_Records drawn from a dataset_
────────

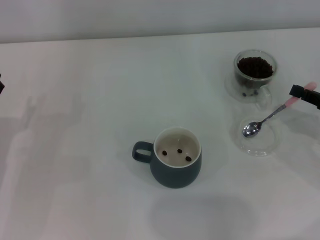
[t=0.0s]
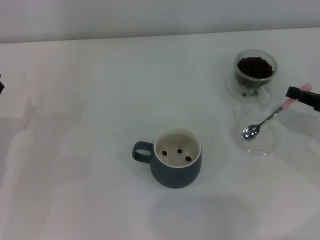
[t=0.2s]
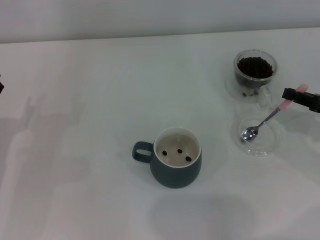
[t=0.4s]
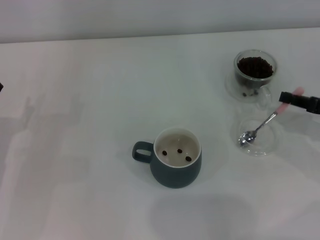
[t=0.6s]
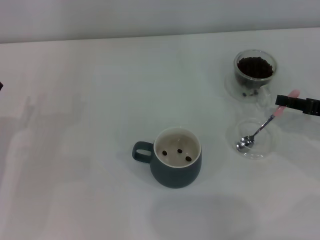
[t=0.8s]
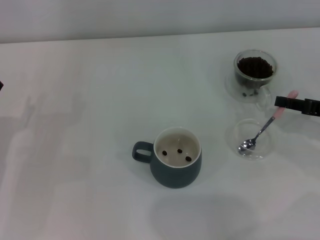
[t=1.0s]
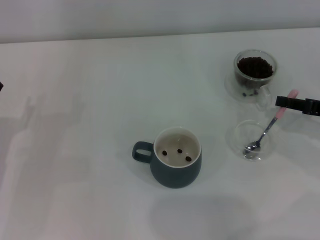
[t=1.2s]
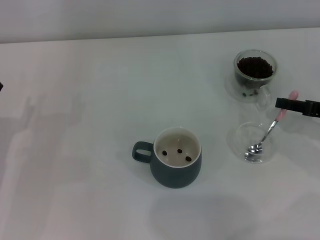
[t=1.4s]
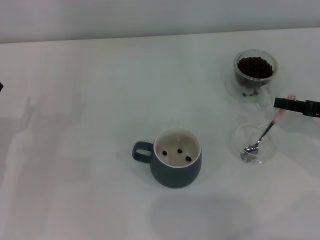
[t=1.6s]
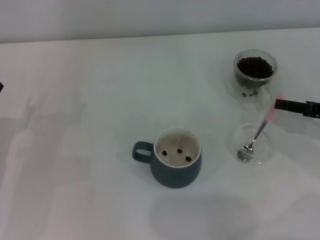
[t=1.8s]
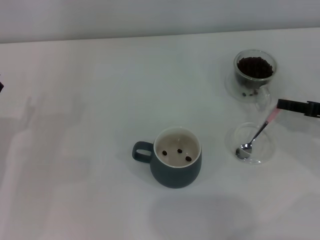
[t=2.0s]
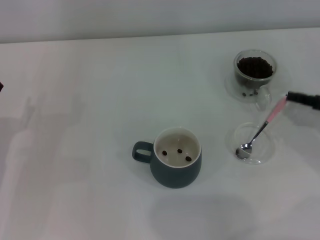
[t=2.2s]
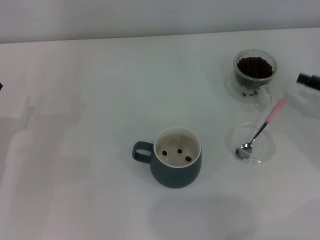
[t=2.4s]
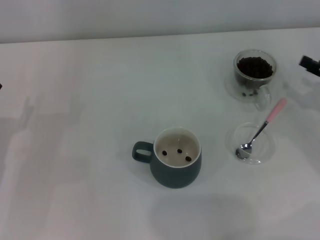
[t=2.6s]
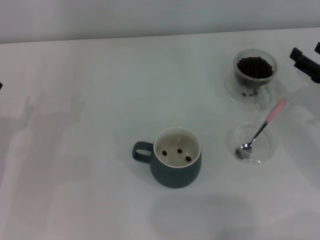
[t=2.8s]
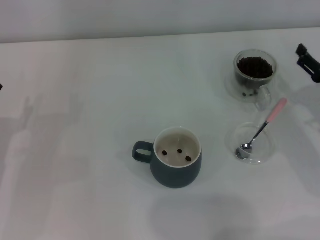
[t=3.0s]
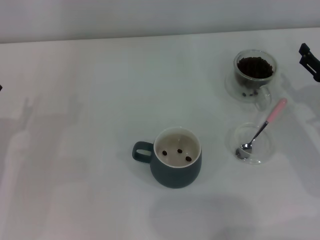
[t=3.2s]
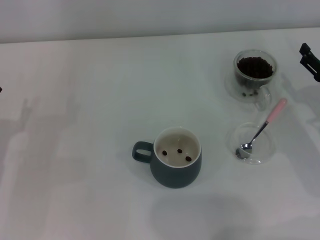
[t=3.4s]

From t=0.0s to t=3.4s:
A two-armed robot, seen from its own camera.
Task of the whole recording: Use a pink spoon to take out the coffee beans from the glass and pour them into the gray cup.
Step, from t=0.0s to t=2.2s: Place the spoon back in its original place with the right gripper.
From t=0.0s to t=1.6s: The grippers move only a little.
From t=1.6s to t=3.4s: The right gripper opens up.

────────

_EXERCISE REQUIREMENTS_
Your task is a word-for-word transcription of the entries, leaving out all pictures.

_REPLY_
[t=0.0s]
[t=0.2s]
[t=0.4s]
[t=0.6s]
[t=0.8s]
[t=1.0s]
[t=1.2s]
[t=1.4s]
[t=1.6s]
[t=1.8s]
[t=2.0s]
[t=2.2s]
[t=2.4s]
[t=2.6s]
[t=2.8s]
[t=3.0s]
[t=3.2s]
[t=3.4s]

From t=0.0s to t=3.4s:
A two-armed robot, seen from its own camera.
Task of the whole recording: Use a pink spoon to take out the coffee beans from the glass and pour them into the gray cup.
Step, from t=0.0s to t=2.2s: Place the spoon back in its original place with the right gripper.
From t=0.0s to t=1.6s: The grippers move only a little.
From t=1.6s to t=3.4s: The right gripper opens up.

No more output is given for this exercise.